CRISE FINANCIERE : Mais que fait donc Bruxelles ?
La
lenteur des réactions des commissaires européens et du président Barroso paraît
surréaliste. Faute d'instances adéquates, l'UE assiste, hébétée, à la
restructuration anarchique du marché bancaire européen.
Existe-t-il
encore vraiment une politique européenne de la concurrence pour le secteur
financier ? La crise a totalement dépassé et submergé les autorités de cartel
de l'Union européenne (UE).
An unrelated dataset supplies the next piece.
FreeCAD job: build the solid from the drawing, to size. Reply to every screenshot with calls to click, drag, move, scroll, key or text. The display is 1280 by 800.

Les fonctionnaires, tout à leur jeu de mikado de
seuils d'intervention et de critères de subventions, assistent aux événements comme
en état de choc. Il est surréaliste de voir la commissaire à la Concurrence,
Neelie Kroes, continuer à concentrer toute son énergie sur sa querelle avec les
"Landesbanken" [banques publiques régionales] et les caisses
d'épargne régionales allemandes. Le 1er octobre, elle a présidé à un
"examen approfondi" du plan de sauvetage de la WestLB. N'y aurait-il
pas plus important à faire, par hasard ?
Rappelons que ce qui est en jeu à la WestLB, c'est une somme de cinq milliards
d'euros. Le gouvernement de Dublin vient de garantir les dépôts des banques
irlandaises à hauteur de 400 milliards d'euros, soit plus du double du produit
intérieur brut annuel du pays. Le Premier ministre de Grande-Bretagne Gordon
Brown a réagi immédiatement, car il y voit à juste titre un dangereux
précédent. Bruxelles s'est tu. Face à cette absence des instances européennes
en temps de crise, l'idée que la zone euro est une "construction
boiteuse" prend un nouveau sens. La Banque centrale européenne (BCE)
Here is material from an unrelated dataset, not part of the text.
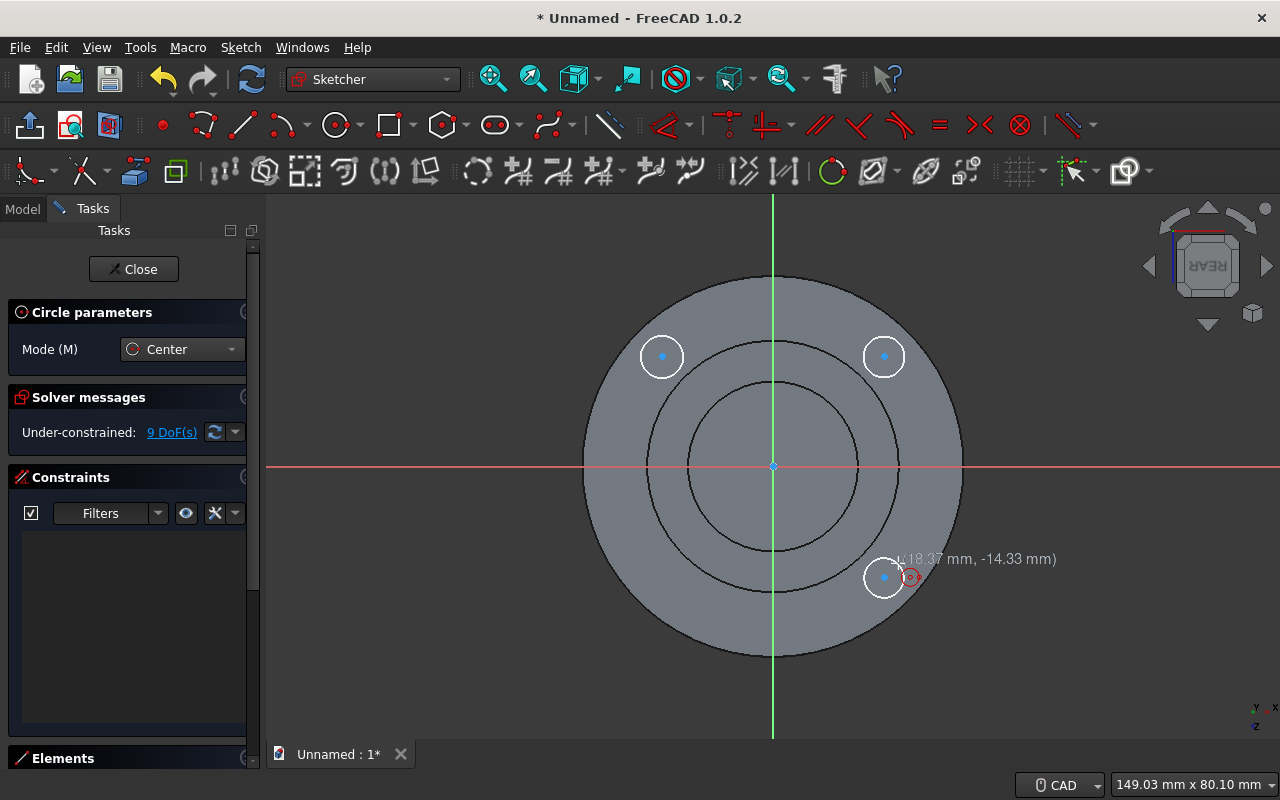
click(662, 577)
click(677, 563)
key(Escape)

contrôle la fourniture des banques en liquidités et veille à ce que la
circulation sanguine du système financier ne s'interrompe pas. Mais si et quand
de grandes banques sont frappées, les Etats interviennent en toute autorité
comme s'il n'y avait pas de marché intérieur européen, comme si les relations
en termes de concurrence n'étaient pas affectées. La rencontre entre grands
Etats de l'UE convoquée le 4 octobre par Nicolas Sarkozy n'y changera pas
grand-chose dans la mesure où le président français accorde plus de valeur à
l'Etat-nation qu'à des instances européennes fortes.
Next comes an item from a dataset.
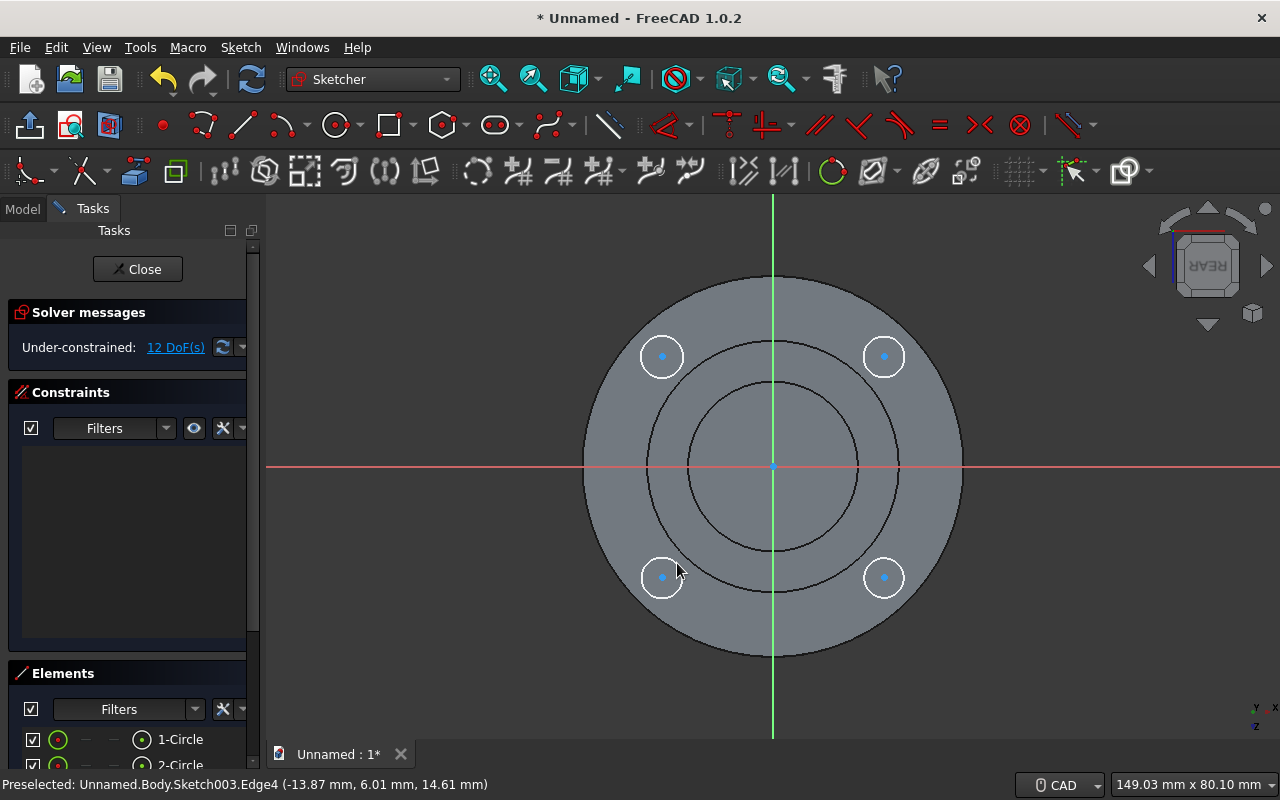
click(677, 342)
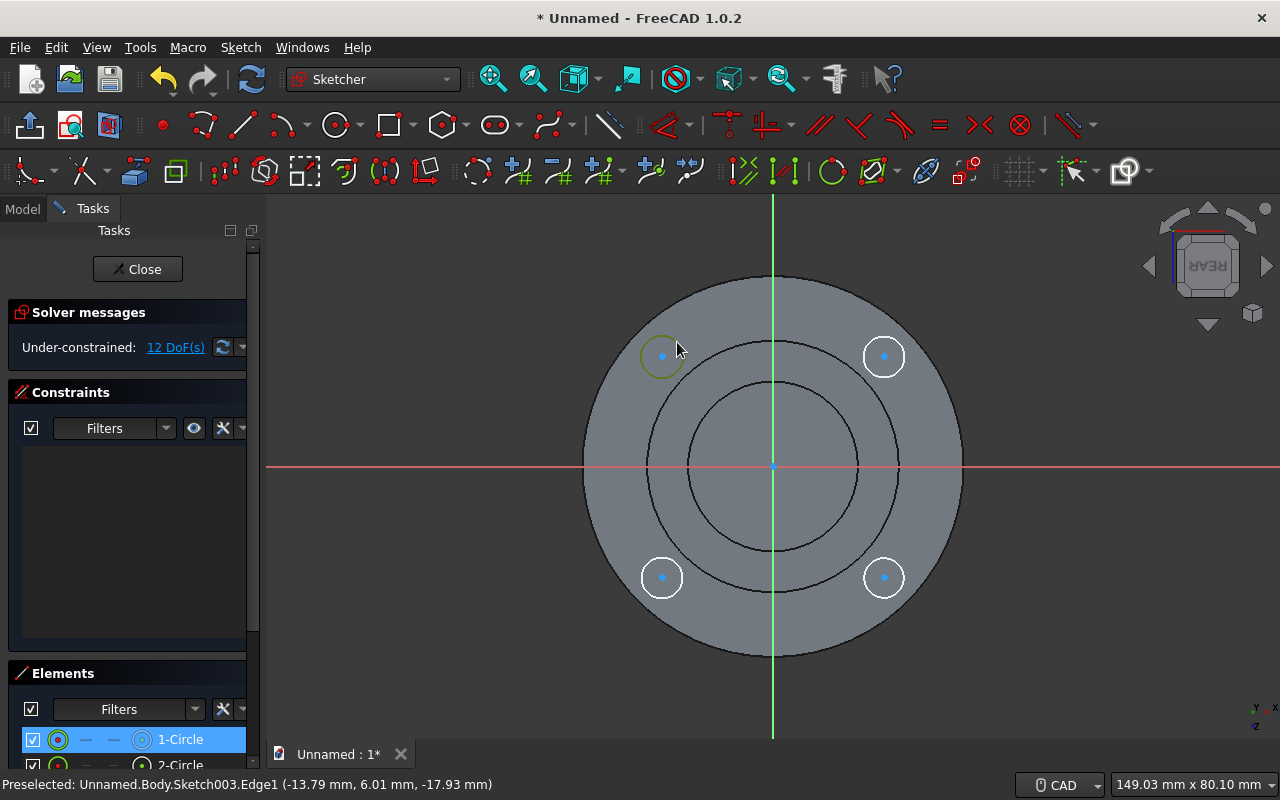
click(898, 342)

Charlie McCreevy, commissaire responsable du Marché intérieur et des Services,
a d'abord dû interpeller le Parlement européen afin de le réveiller, avant de
faire enfin, le 1er octobre, une proposition pour imposer des règles plus
strictes au secteur du crédit. Toutefois, dans cette crise, il n'est pas
seulement question de faillites qui menacent. C'est l'ensemble du marché
bancaire européen qui se trouve bouleversé. De la faillite des institutions
naufragées, d'autres surgissent, plus fortes. Quand l'espagnol Santander
rachète, pour la modique somme de 670 millions de livres [853 millions
d'euros], l'ensemble des succursales de la banque d'hypothèques britannique
Bradford & Bingley, d'une valeur de 20 milliards de livres, des autorités
de cartel dignes de ce nom devraient s'intéresser à l'affaire d'un peu plus
près.
Pourtant, Bruxelles passe complètement à côté de ces déraillements. Tout cela
n'est pas uniquement imputable à l'entêtement de Mme Kroes. L'UE ne dispose
d'aucune instance capable d'intervenir et disposant des ressources financières
et en personnel pour agir au bon moment. Quand une grande banque se retrouve au
bord du gouffre, personne ne se soucie de savoir si la reprise agrée ou non aux
poussifs contrôleurs de la concurrence de Bruxelles, toujours prompts à se
quereller au sujet de leurs compétences. C'est aussi en temps de crise que se
dessine l'authentique stature des responsables politiques. Il n'est donc pas
surprenant que l'on n'ait rien entendu de particulièrement éclairant de la part
de José Manuel Barroso, rappelons-le, président de la Commission européenne. Ce
qui n'est pas sain sur le plan économique car, avec les nouvelles structures
qui émergent, nous devrons vivre pendant des années, voire des décennies.